EARTH_MOON_DISTANCE = 384400000
# Let us set the initial conditions in the Earth-Moon system. An equatorial LEO at an altitude of ~1700 km
r = 8000000 / EARTH_MOON_DISTANCE
# In the reference frame of the CR3BP, the initial coordinate is thus:
x = -CR3BP_MU-r
# The initial velocity is obtained from the circular velocity at the distance r from the center of mass.

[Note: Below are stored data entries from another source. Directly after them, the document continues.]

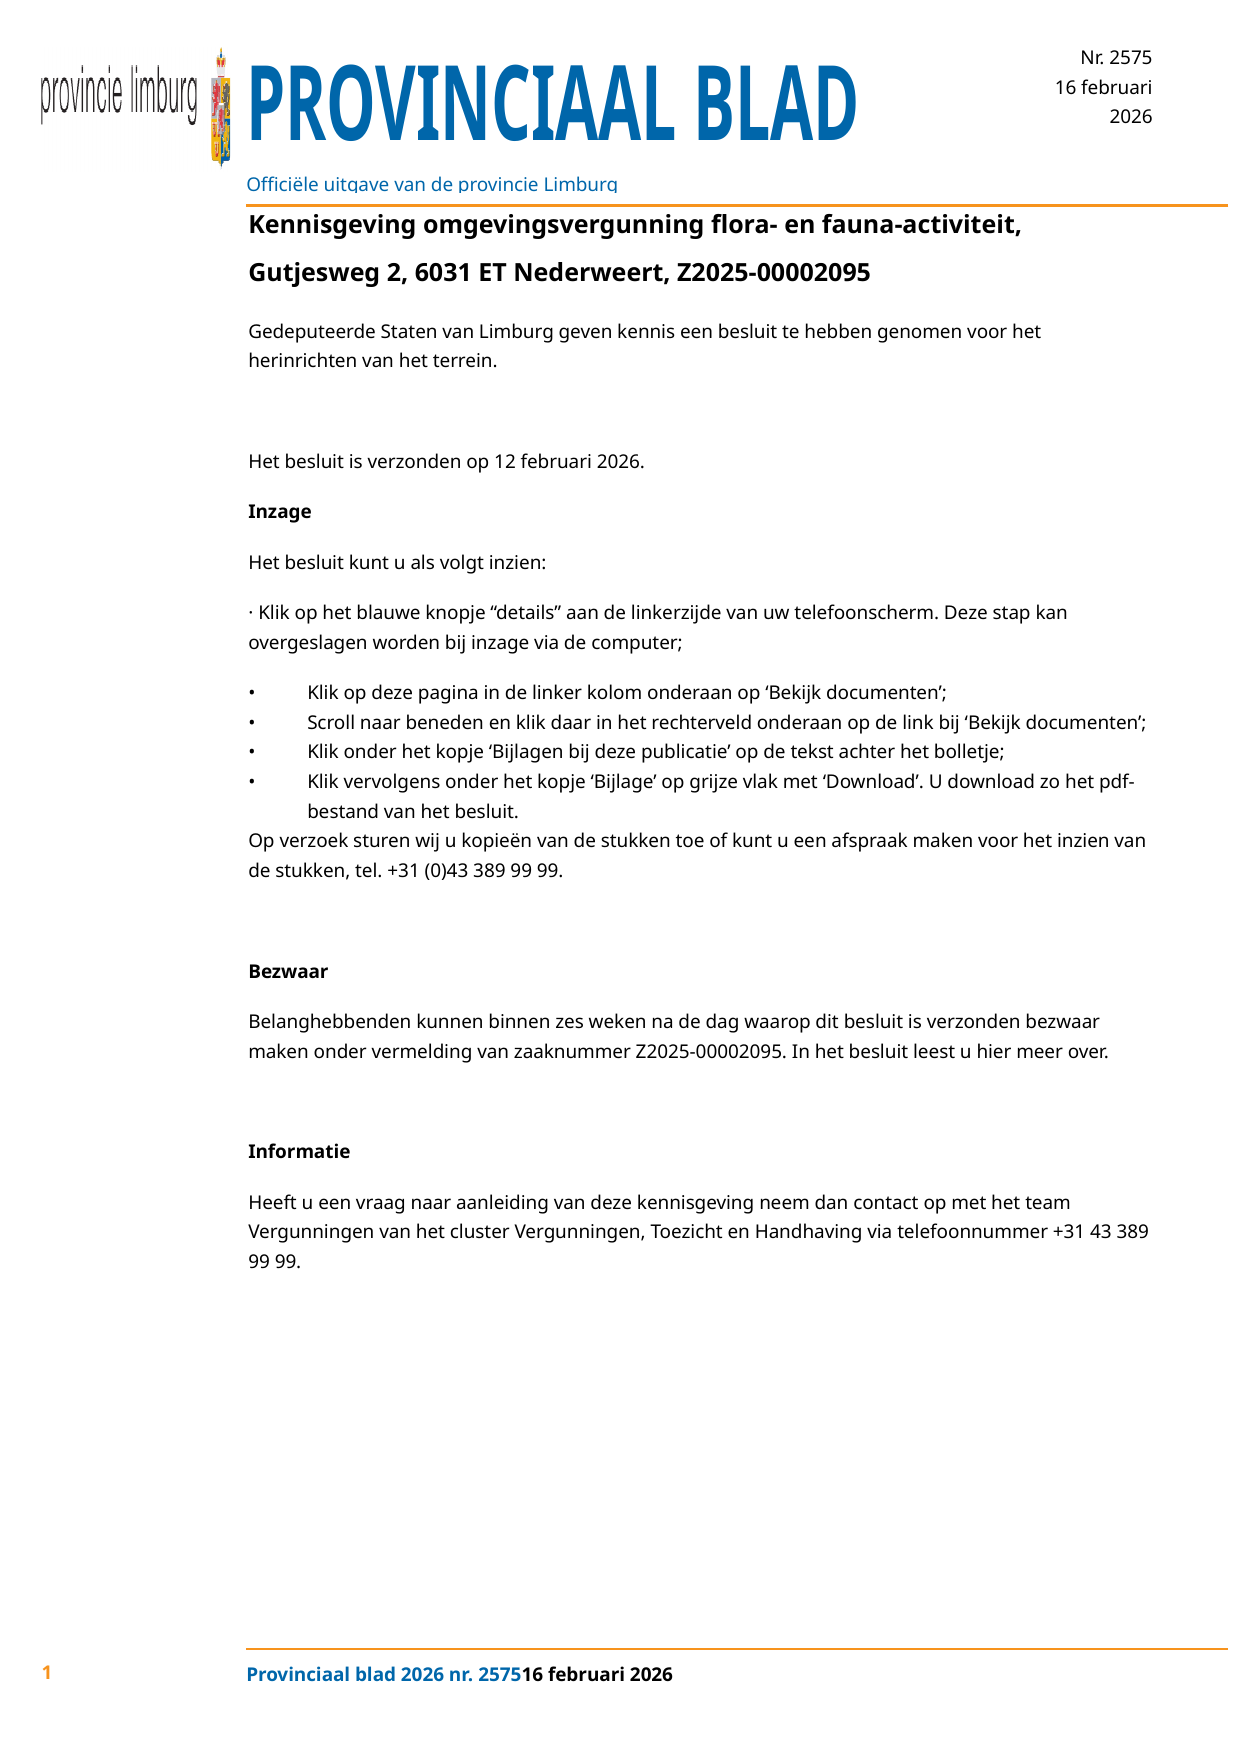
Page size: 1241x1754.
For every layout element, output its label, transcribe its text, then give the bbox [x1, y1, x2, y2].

text · Klik op het blauwe knopje “details” aan de linkerzijde van uw telefoonscherm. Deze stap kan overgeslagen worden bij inzage via de computer; [248, 599, 1152, 655]
list Klik op deze pagina in de linker kolom onderaan op ‘Bekijk documenten’; [248, 679, 1152, 705]
text Het besluit kunt u als volgt inzien: [248, 549, 1152, 575]
text Kennisgeving omgevingsvergunning flora- en fauna-activiteit, Gutjesweg 2, 6031 ET Nederweert, Z2025-00002095 [248, 207, 1152, 288]
text Informatie [248, 1139, 1152, 1164]
list Scroll naar beneden en klik daar in het rechterveld onderaan op de link bij ‘Bekijk documenten’; [248, 709, 1152, 735]
text Belanghebbenden kunnen binnen zes weken na de dag waarop dit besluit is verzonden bezwaar maken onder vermelding van zaaknummer Z2025-00002095. In het besluit leest u hier meer over. [248, 1008, 1152, 1064]
text Bezwaar [248, 958, 1152, 984]
list Klik vervolgens onder het kopje ‘Bijlage’ op grijze vlak met ‘Download’. U download zo het pdf-bestand van het besluit. [248, 768, 1152, 824]
text Inzage [248, 499, 1152, 524]
text Op verzoek sturen wij u kopieën van de stukken toe of kunt u een afspraak maken voor het inzien van de stukken, tel. +31 (0)43 389 99 99. [248, 827, 1152, 883]
picture [41, 47, 231, 172]
text Heeft u een vraag naar aanleiding van deze kennisgeving neem dan contact op met het team Vergunningen van het cluster Vergunningen, Toezicht en Handhaving via telefoonnummer +31 43 389 99 99. [248, 1189, 1152, 1274]
list Klik onder het kopje ‘Bijlagen bij deze publicatie’ op de tekst achter het bolletje; [248, 739, 1152, 764]
text Het besluit is verzonden op 12 februari 2026. [248, 448, 1152, 474]
text Gedeputeerde Staten van Limburg geven kennis een besluit te hebben genomen voor het herinrichten van het terrein. [248, 318, 1152, 373]

vy = -np.sqrt((1-CR3BP_MU)/r)+x
# We prform the numerical integration.
ta_cr3bp.time = 0.0
ta_cr3bp.state[:] = [x, 0, 0, 0.0, vy-2.705, 0.0]
ta_bcp.time = 0.0
ta_bcp.state[:] = ta_cr3bp.state
C = jacobi_C(ta_cr3bp.state, pars=[CR3BP_MU])
t_grid = np.linspace(0, 4*np.pi, 1000)
sol_cr3bp = ta_cr3bp.propagate_grid(t_grid)
sol_bcp = ta_bcp.propagate_grid(t_grid)
print("Value of the Jacobi constant C:", C)
Value of the Jacobi constant C: [2.26785855]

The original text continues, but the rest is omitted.